▶ _Task details_
Although the records include pictures, print only the rest, exactly as written.

----------------------------------------

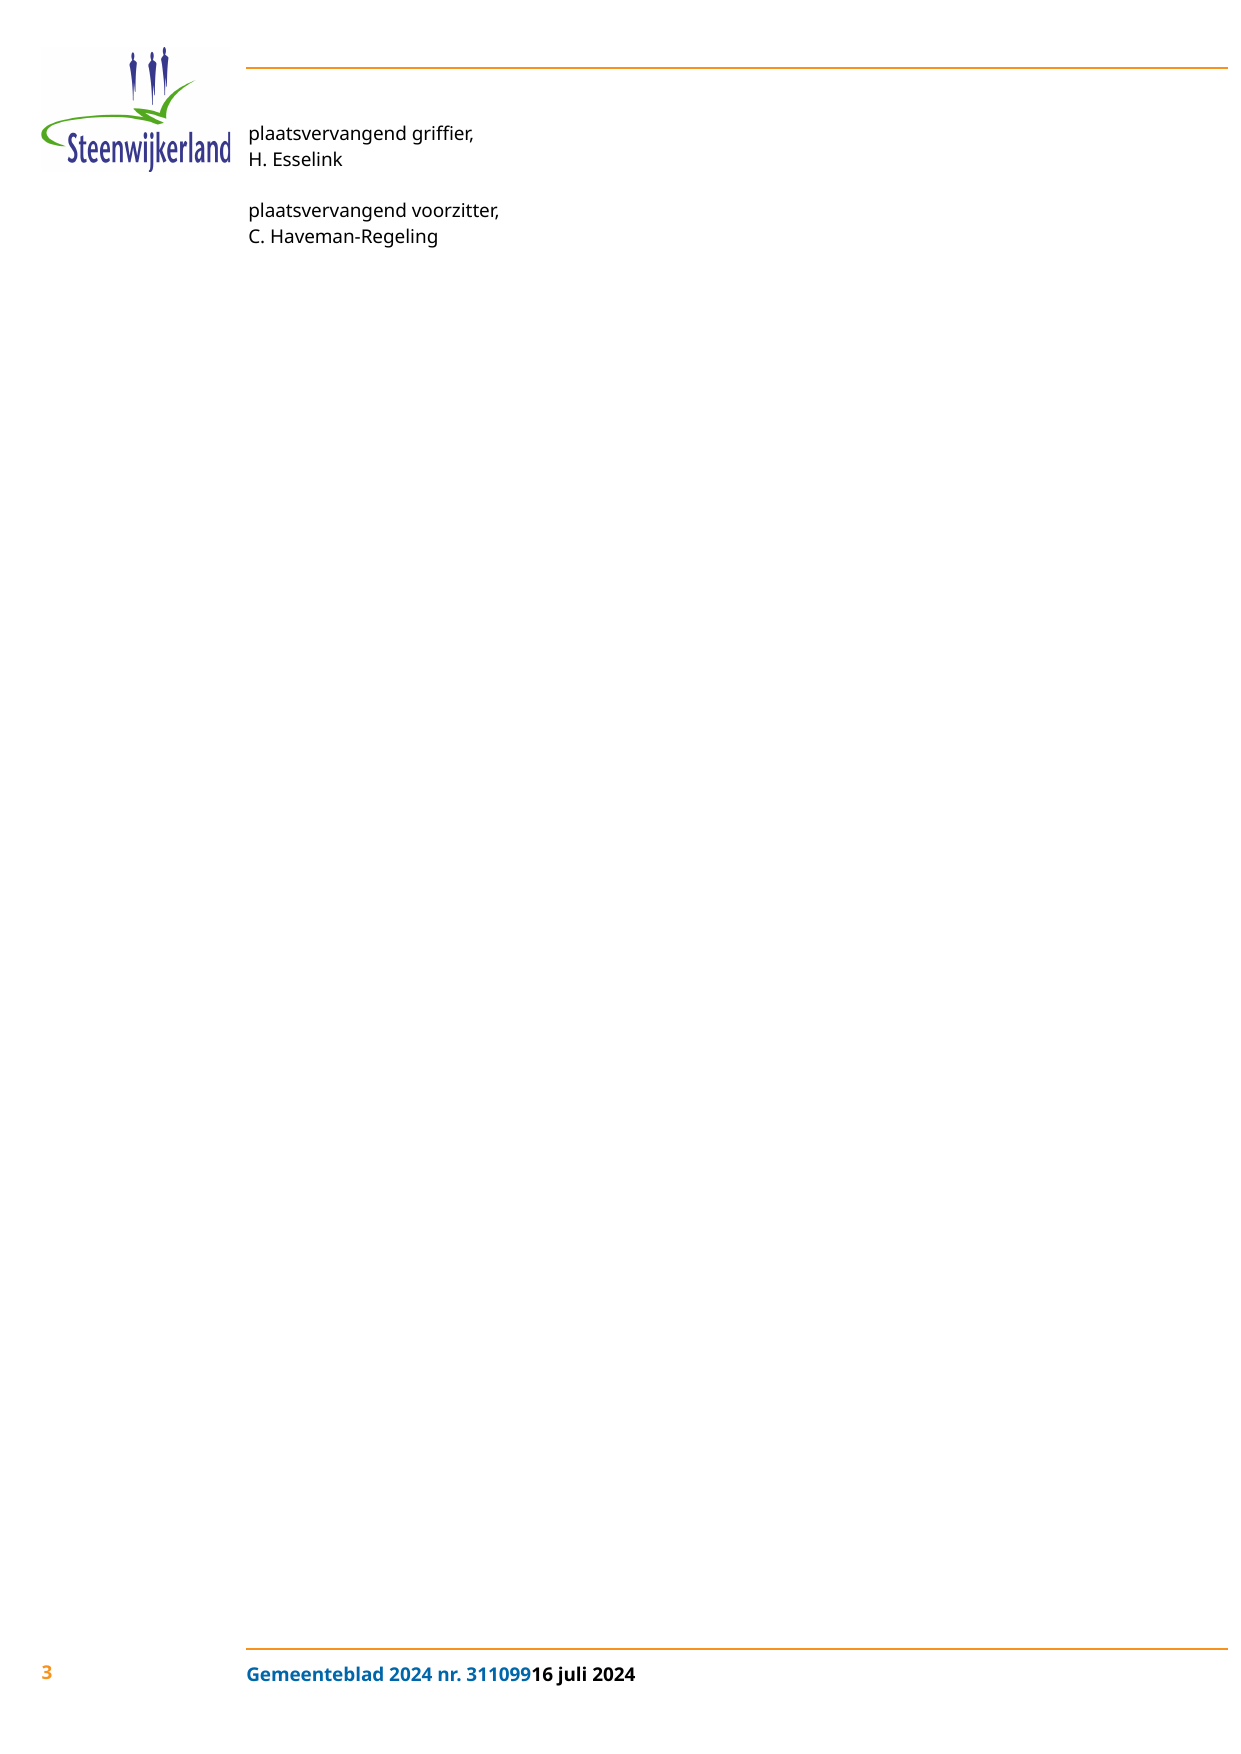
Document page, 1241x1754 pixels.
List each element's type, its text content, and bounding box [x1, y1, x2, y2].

text plaatsvervangend griffier, [248, 121, 1152, 146]
picture [41, 47, 231, 172]
text plaatsvervangend voorzitter, [248, 198, 1152, 223]
text C. Haveman-Regeling [248, 223, 1152, 249]
text H. Esselink [248, 146, 1152, 172]

----------------------------------------

▶ _Written solution_
Document page, 1241x1754 pixels.
List each element's type, its text content, and bounding box [x1, y1, x2, y2].

text plaatsvervangend griffier, [248, 121, 1152, 146]
picture [41, 47, 231, 172]
text plaatsvervangend voorzitter, [248, 198, 1152, 223]
text C. Haveman-Regeling [248, 223, 1152, 249]
text H. Esselink [248, 146, 1152, 172]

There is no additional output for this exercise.